* Your goal
Please transcribe exactly the lines from the first line of the records below through the line containing "1. box <box>219,184,325,445</box>", including both, and omit all pictures.

[Items listed in a dataset]
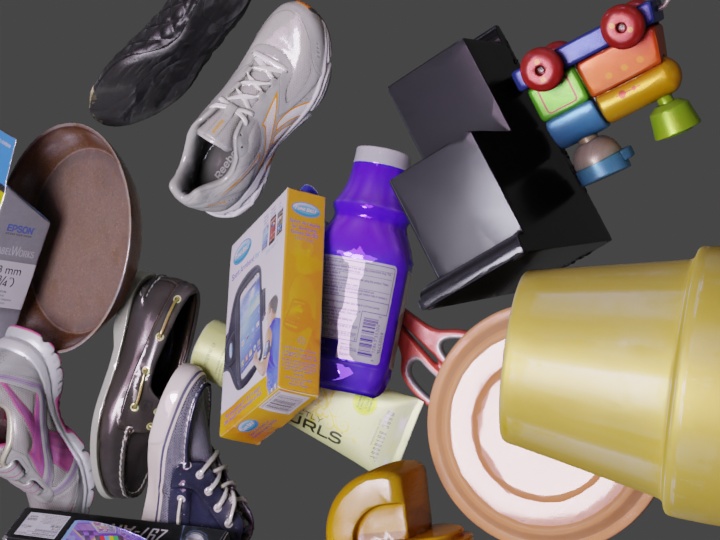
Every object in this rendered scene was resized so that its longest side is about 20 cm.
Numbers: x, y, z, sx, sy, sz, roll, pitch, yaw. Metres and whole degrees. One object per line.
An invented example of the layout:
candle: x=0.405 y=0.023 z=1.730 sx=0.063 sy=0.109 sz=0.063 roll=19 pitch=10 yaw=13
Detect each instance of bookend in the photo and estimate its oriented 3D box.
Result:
bookend: x=0.079 y=-0.083 z=1.363 sx=0.092 sy=0.200 sz=0.199 roll=-31 pitch=81 yaw=24

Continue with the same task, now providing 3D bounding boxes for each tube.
tube: x=-0.047 y=0.102 z=1.509 sx=0.200 sy=0.052 sz=0.058 roll=25 pitch=144 yaw=15

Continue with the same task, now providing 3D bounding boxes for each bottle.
bottle: x=0.000 y=0.000 z=1.463 sx=0.083 sy=0.065 sz=0.201 roll=9 pitch=84 yaw=11

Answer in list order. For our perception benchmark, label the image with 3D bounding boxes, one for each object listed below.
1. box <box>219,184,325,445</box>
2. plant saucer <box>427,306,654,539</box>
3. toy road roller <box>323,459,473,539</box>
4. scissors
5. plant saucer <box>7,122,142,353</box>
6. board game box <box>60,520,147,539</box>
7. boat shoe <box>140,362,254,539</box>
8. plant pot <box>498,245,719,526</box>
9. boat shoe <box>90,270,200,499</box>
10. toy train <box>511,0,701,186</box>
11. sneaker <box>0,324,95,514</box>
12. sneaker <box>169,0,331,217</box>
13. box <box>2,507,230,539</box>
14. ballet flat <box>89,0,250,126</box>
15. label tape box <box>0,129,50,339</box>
box: x=-0.071 y=0.027 z=1.455 sx=0.119 sy=0.041 sz=0.201 roll=-42 pitch=42 yaw=53
plant saucer: x=0.149 y=0.125 z=1.427 sx=0.200 sy=0.032 sz=0.201 roll=1 pitch=92 yaw=18
toy road roller: x=-0.005 y=0.232 z=1.454 sx=0.199 sy=0.123 sz=0.147 roll=-6 pitch=88 yaw=18
scissors: x=0.022 y=0.041 z=1.494 sx=0.200 sy=0.014 sz=0.073 roll=38 pitch=105 yaw=16
plant saucer: x=-0.250 y=-0.027 z=1.564 sx=0.200 sy=0.034 sz=0.201 roll=-7 pitch=80 yaw=45
board game box: x=-0.209 y=0.301 z=1.499 sx=0.158 sy=0.039 sz=0.200 roll=37 pitch=129 yaw=-2
boat shoe: x=-0.130 y=0.179 z=1.525 sx=0.092 sy=0.075 sz=0.201 roll=18 pitch=117 yaw=16
plant pot: x=0.204 y=0.076 z=1.305 sx=0.188 sy=0.201 sz=0.202 roll=7 pitch=94 yaw=13
boat shoe: x=-0.184 y=0.104 z=1.551 sx=0.060 sy=0.072 sz=0.202 roll=11 pitch=93 yaw=26
toy train: x=0.227 y=-0.153 z=1.371 sx=0.200 sy=0.085 sz=0.116 roll=-26 pitch=92 yaw=21
sneaker: x=-0.298 y=0.152 z=1.564 sx=0.081 sy=0.088 sz=0.201 roll=8 pitch=122 yaw=41
sneaker: x=-0.092 y=-0.132 z=1.494 sx=0.076 sy=0.092 sz=0.200 roll=30 pitch=102 yaw=18
box: x=-0.195 y=0.287 z=1.539 sx=0.199 sy=0.044 sz=0.161 roll=4 pitch=123 yaw=22
ballet flat: x=-0.161 y=-0.198 z=1.551 sx=0.066 sy=0.057 sz=0.200 roll=37 pitch=112 yaw=-27
label tape box: x=-0.344 y=-0.039 z=1.592 sx=0.144 sy=0.063 sz=0.201 roll=30 pitch=104 yaw=43
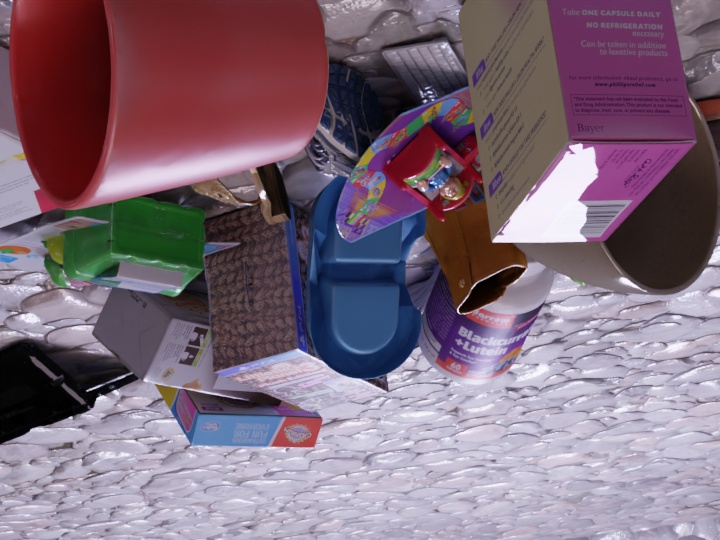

* Task result
Every object in this rendered scene was resized so that its longest side is about 20 cm.
Numbers: x, y, z, sx, sy, sz, roll, pitch, yaw. Metres and whole degrees. One object per line.
An invented example of the layout:
candle: x=0.405 y=0.023 z=1.730 sx=0.063 sy=0.109 sz=0.063 roll=19 pitch=10 yaw=13
Detect each instance of bookend in the photo and estimate its oriented 3D box.
Result:
bookend: x=0.079 y=-0.083 z=1.363 sx=0.092 sy=0.200 sz=0.199 roll=-31 pitch=81 yaw=24

Continue with the same task, now providing 3D bounding boxes for each tube.
tube: x=-0.047 y=0.102 z=1.509 sx=0.200 sy=0.052 sz=0.058 roll=25 pitch=144 yaw=15

Continue with the same task, now providing 3D bounding boxes for each bottle.
bottle: x=0.000 y=0.000 z=1.463 sx=0.083 sy=0.065 sz=0.201 roll=9 pitch=84 yaw=11

Answer in list order. For our perception benchmark, label the image with 3D bounding boxes, one for each object listed below.
1. box <box>219,184,325,445</box>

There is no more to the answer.